I have always adopted an unsentimental approach to meat eating. I introduced my children to rabbit in their early years. I did not associate the meal with Flopsy Bunny any more than I would have served up a roast pork and spoken of Peppa Pig. They took the lead from me and cleared their plates.

The one time they succumbed to sentimentality was on a trip to the Lake District during the lambing season. We watched a tiny lamb, just born, struggling to its feet, the afterbirth still stuck to its mother’s woolly rump.

Lake District lamb

We were spellbound as we watched a scene as old as the ancient stone wall on which we perched. That evening we ate in an olde worlde inn where lamb featured heavily on the menus. The boys refused to eat any and I knew better than to suggest otherwise.

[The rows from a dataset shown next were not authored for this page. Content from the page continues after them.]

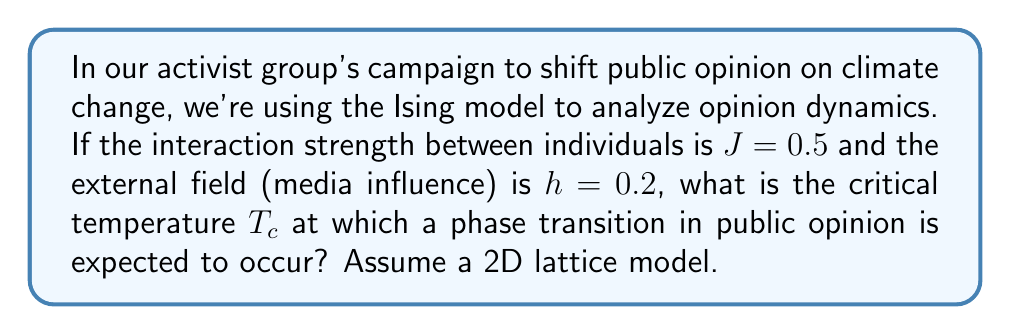Teach me how to tackle this problem. To solve this problem, we'll follow these steps:

1) The critical temperature $T_c$ for the 2D Ising model is given by the Onsager solution:

   $$T_c = \frac{2J}{k_B \ln(1+\sqrt{2})}$$

   where $J$ is the interaction strength and $k_B$ is the Boltzmann constant.

2) We're given $J = 0.5$. For simplicity, let's assume $k_B = 1$ (we can consider the temperature in energy units).

3) Substituting these values into the equation:

   $$T_c = \frac{2(0.5)}{\ln(1+\sqrt{2})}$$

4) Simplify:
   $$T_c = \frac{1}{\ln(1+\sqrt{2})}$$

5) Calculate:
   $$T_c \approx 1.1345$$

Note: The external field $h$ doesn't affect the critical temperature in the Ising model, but it does influence the sharpness of the phase transition.
Answer: $T_c \approx 1.1345$ 
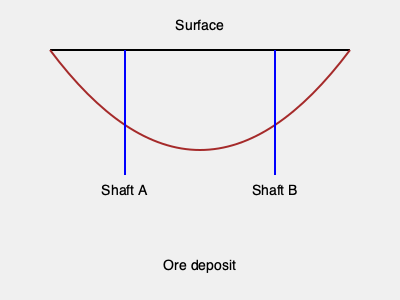Given the 2D cross-sectional view of a mine with two potential shaft locations (A and B), which shaft location would be most cost-effective for extracting the ore deposit, assuming uniform extraction costs per unit depth and ignoring horizontal transportation costs? To determine the most cost-effective shaft location, we need to compare the depths of shafts A and B:

1. The cost of shaft excavation is directly proportional to its depth.
2. Shaft A is located at x = 125 units, while Shaft B is at x = 275 units on the horizontal axis.
3. The ore deposit curve can be approximated by a quadratic function: $y = ax^2 + bx + c$
4. Given the symmetry of the curve, we can assume the vertex is at x = 200 units.
5. The depths of the shafts are:
   - Depth A = 175 - 50 = 125 units
   - Depth B = 175 - 50 = 125 units
6. Since both shafts have equal depth, the excavation costs would be the same.
7. However, Shaft A is closer to the left edge of the deposit, while Shaft B is closer to the right edge.
8. Choosing Shaft A would allow for easier expansion to the left if needed, potentially accessing more of the deposit in the future.

Therefore, although both shafts have equal depth and initial cost, Shaft A provides more flexibility for future expansion and is the more cost-effective choice in the long term.
Answer: Shaft A 
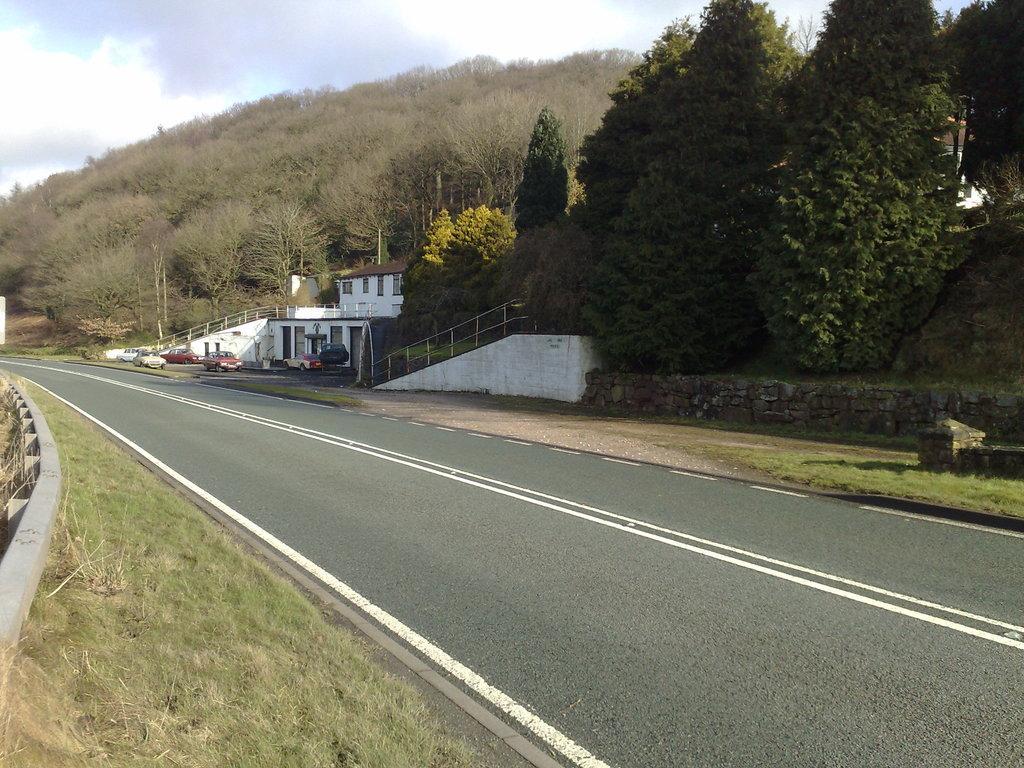Could you give a brief overview of what you see in this image? This picture is clicked outside. In the foreground we can see the grass and the concrete road. In the center we can see the house, metal rods, vehicles and many other objects and we can see the trees. In the background we can see the sky.

A few days later we found ourselves in the garden of a tea room that overlooked vast fields of pregnant sheep and lambs. The sun shone, the surrounding mountains glistened and the sheep bleated. It was one of those idyllic holiday moments one stumbles upon.

Lake District Sheep

On visiting the onsite farm shop I found a fridge filled with every imaginable cut of lamb alongside golden crusted lamb and vegetable pies. Being a self-catering family we stocked up and a few hours later sat down to a lamb steak dinner.  Air miles = 0.

But even my guilt-free attitude to eating the entertainment has its limits. On a trip to an ostrich farm  outside Cape Town, we were introduced to adorable ostrich chicks and later to their parents. We had turns standing on their unbreakable eggs, sat on the adult birds for a photo shoot and marvelled at these pre-historic looking birds than can outrun a horse.


Then we sat down to lunch in the restaurant. Ostrich steak, ostrich casserole, ostrich egg omelettes – the list was long and meaty. We ate meltingly tender fillet with a sauce so heavenly I gave my compliments to the chef in the vain hope he might share his secret with me.

I couldn’t help noticing that the terrace on which we sat faced away from the ostrich paddocks. I appreciated this discretion as I am not sure I could have enjoyed my meal while eyeballing tomorrow’s lunch running about. As for the ostriches – did they know we were eating their mates? I like to think not.